Privacy Act?!? I’ve never heard of it.
It turned out it was an email concerning data privacy and how it related to driving licences. When I discovered it originated from her somewhat notorious ‘Uncle John’ I should have probably smelt a rat. Thinking she was showing me because of my penchant for this type of thing, though, I was prepared to give it the benefit of the doubt.
Anyway, the subject line read: New Drivers License and the Privacy Act. “Privacy Act - - I’ve never heard of it”, I snapped, worriedly. Was I really this ignorant? Had the existence or, even worse, the passing of such an Act in England and Wales occurred without my knowing? For someone who likes to feel that they have their finger at least partially on the IT and privacy law pulse, if this should have passed me by unawares, I was going to look like a prize turkey. And that's putting it mildly.

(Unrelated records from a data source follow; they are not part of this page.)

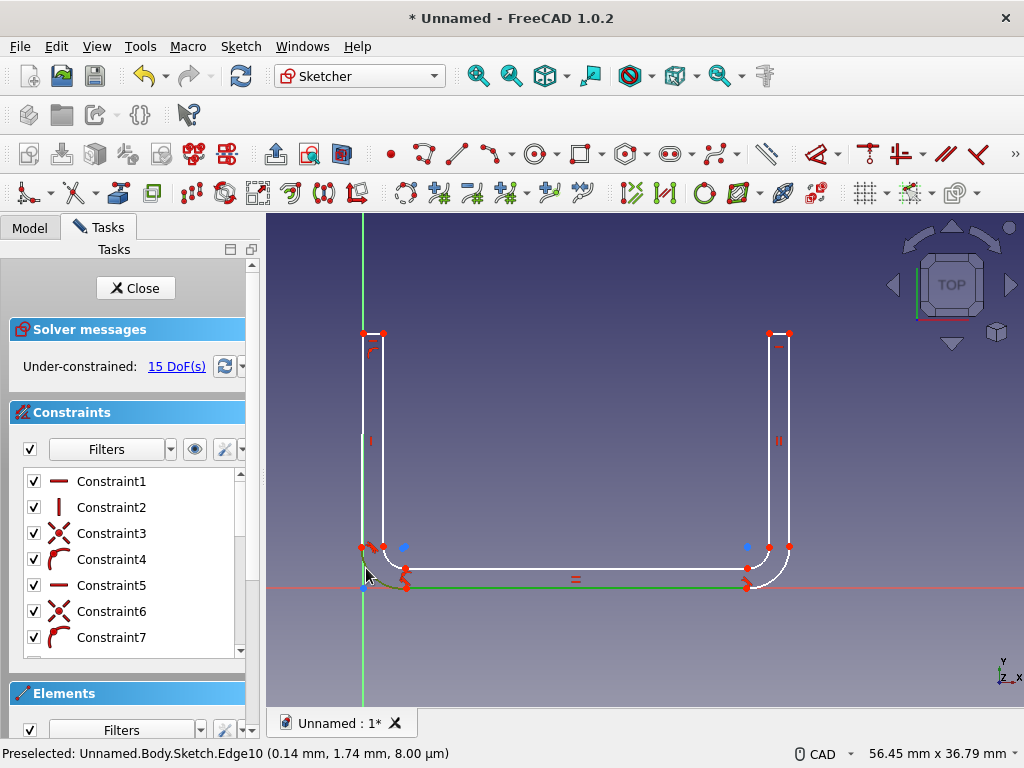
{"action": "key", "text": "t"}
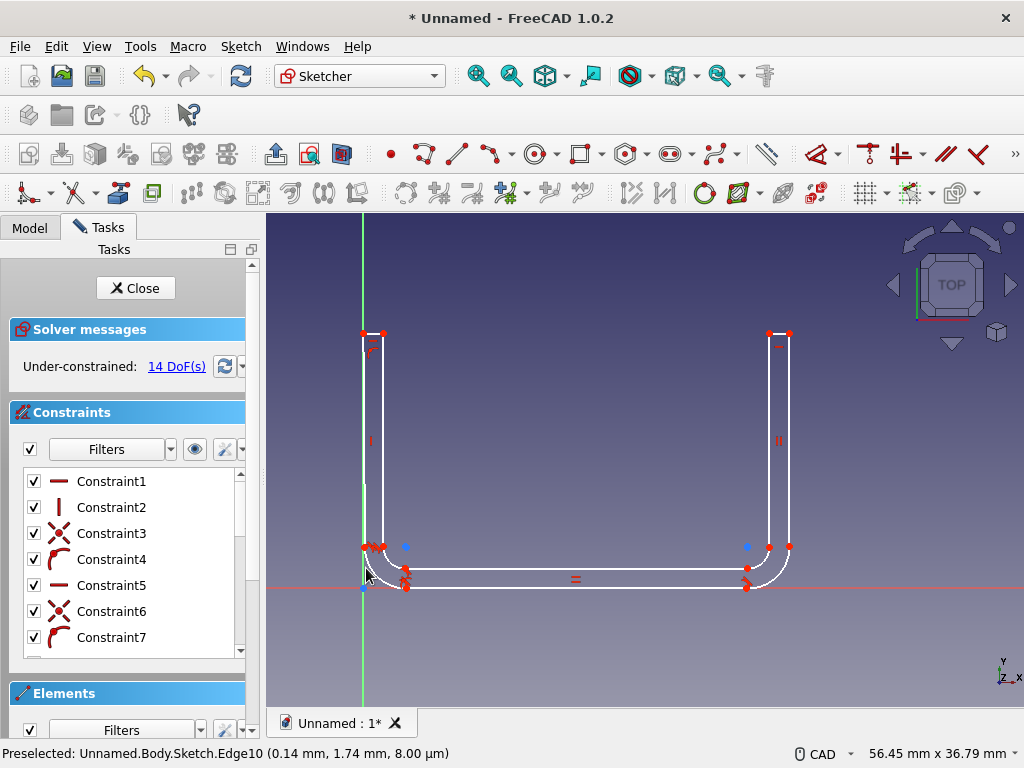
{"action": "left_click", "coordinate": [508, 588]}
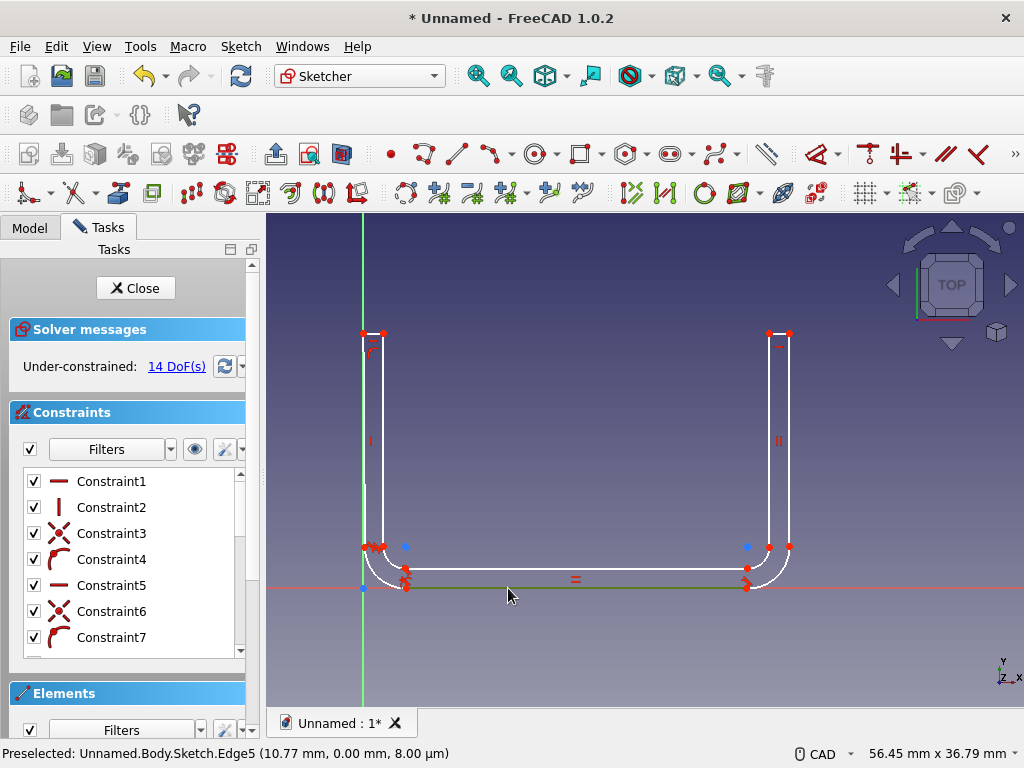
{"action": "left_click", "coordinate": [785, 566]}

A quick search on Google for privacy act allayed my fears. “See, there’s no such Act”, I calmly stated. My faith in my knowledge and the general order of the world was at least partly restored. “What are all those, then?” my girlfriend questioned, pointing to a long list of hits. “Look, they’re all Canadian, Australian and American”, I retorted, almost angrily.
Still, somewhat intrigued, I read the through the body of the email:
Did you know that this was happening?
Check your driver's license information on-line.
Now you can see anyones driver's license on the Internet, including your own!
It asks for U.S. Info, but unfortunately it works for Canadian, English,
Australian and New Zealand licenses as well.
Just searched for mine....putting in England as the city and there it is, picture and all.
This is really scary. I removed mine. I suggest you all do the same.
Go to the website and check it out.
So that explained the American spelling of licence in the subject line, I thought to myself. It’s clearly an American site but they claim drivers’ details from several countries are available. Given the shocking state of the nation’s data security – many incidents of which have been documented on this blog - I couldn’t rule out completely that this wasn’t a bona fide situation being brought to the world’s attention.
It was, of course, a harmless spoof, albeit one that created a cheeky and somewhat ignominious copy of a US driver’s licence.
To my girlfriend, Sarah’s credit, she played the part well. I was surprised she was ostensibly taking it so seriously – particularly as it was from her ‘Uncle John’, and I really should have caught on sooner. It was unlike her to be so trusting of anything like this. After all, this is the girl who I’ve described on more than one occasion as being ‘suspicious of ‘everywhere, everything, and everyone’. Still a forensic science degree is wont to have that effect on a person.
So, children, the moral of the story can be summed up like this: bad as the data privacy situation is in the UK, it’s not quite at this stage yet. That being said, it might not be long until this type of thing is for real.